Sickler v. National Dairy Products Corp.

Mr. JUSTICE CRAVEN,

dissenting:

I am unable to agree with my colleagues upon the substantive and procedural issues found in this case.

On December 17, 1974, the defendant Wesley Construction Company filed its motion to dismiss upon the basis that the death of the plaintiff had been suggested of record and no motion for substitution had been filed and upon the further basis that the cause of action had abated. The court granted the motion in a judgment order, final in form. That order was entered on December 18. At that time, there were other parties defendant and the trial court did not then nor later make a finding regarding appealability by one of multiple defendants as contemplated and required by Supreme Court Rule 304 (Ill. Rev. Stat. 1973, ch. 110A, par. 304).

Thereafter, on December 23, the court granted a like motion of the defendant Harlan E. Moore and Company. The docket entry was to the effect that the case was dismissed and the cause stricken; and the entry was followed by the phrase “see order.” There is no order. It seems reasonable to conclude that under Rule 272 (Ill. Rev. Stat. 1973, ch. 110A, par. 272) there is not now nor was there then a final judgment. Here again, there was no finding under Rule 304.

There were subsequent proceedings by motions and countermotions, all preceding the notice of appeal. The procedural defects above alluded to are not cured by the subsequent proceedings.
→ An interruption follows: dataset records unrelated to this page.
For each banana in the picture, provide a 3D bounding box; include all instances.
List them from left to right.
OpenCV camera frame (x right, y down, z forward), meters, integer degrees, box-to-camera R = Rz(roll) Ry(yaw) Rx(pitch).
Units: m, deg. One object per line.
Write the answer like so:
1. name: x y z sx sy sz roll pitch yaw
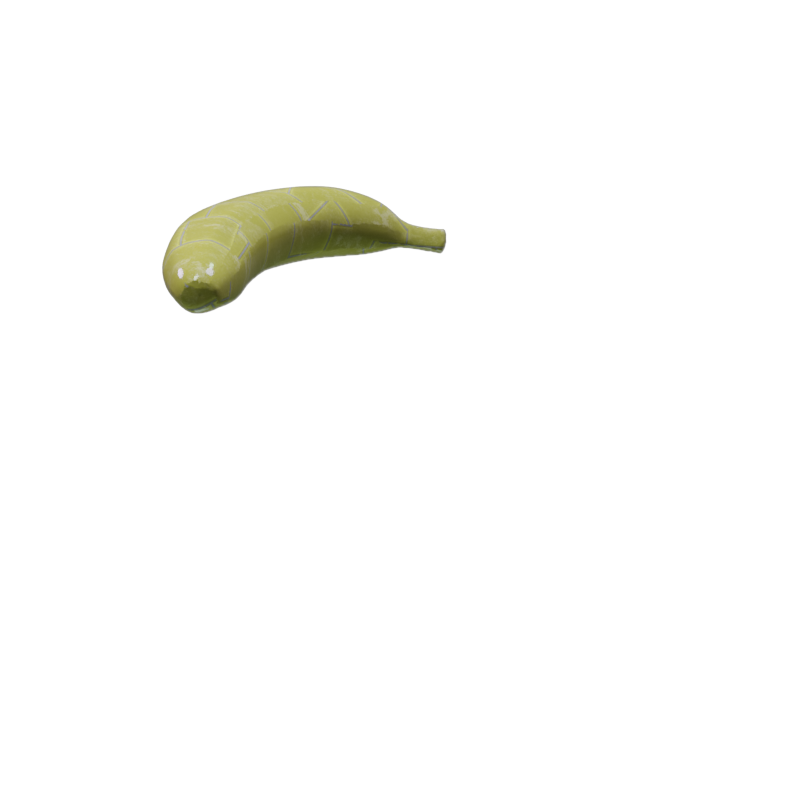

Upon the merits, this case is concerned with an alleged cause of action for injuries that occurred on February 20,1968. The complaint was filed in July 1969, and apparently nothing was done until some two years thereafter. The plaintiff died on August 5,1974, and the suggestion of his death was filed by one of the defendants in August 1974. The proof of service shows that only counsel for the other defendants and counsel for the then-deceased plaintiff were given notice of the filing of the suggestion of death.

I recognize that the sanction to be employed is discretionary with the trial court. Upon the basis of this record, I believe that the sanction that was employed was too severe.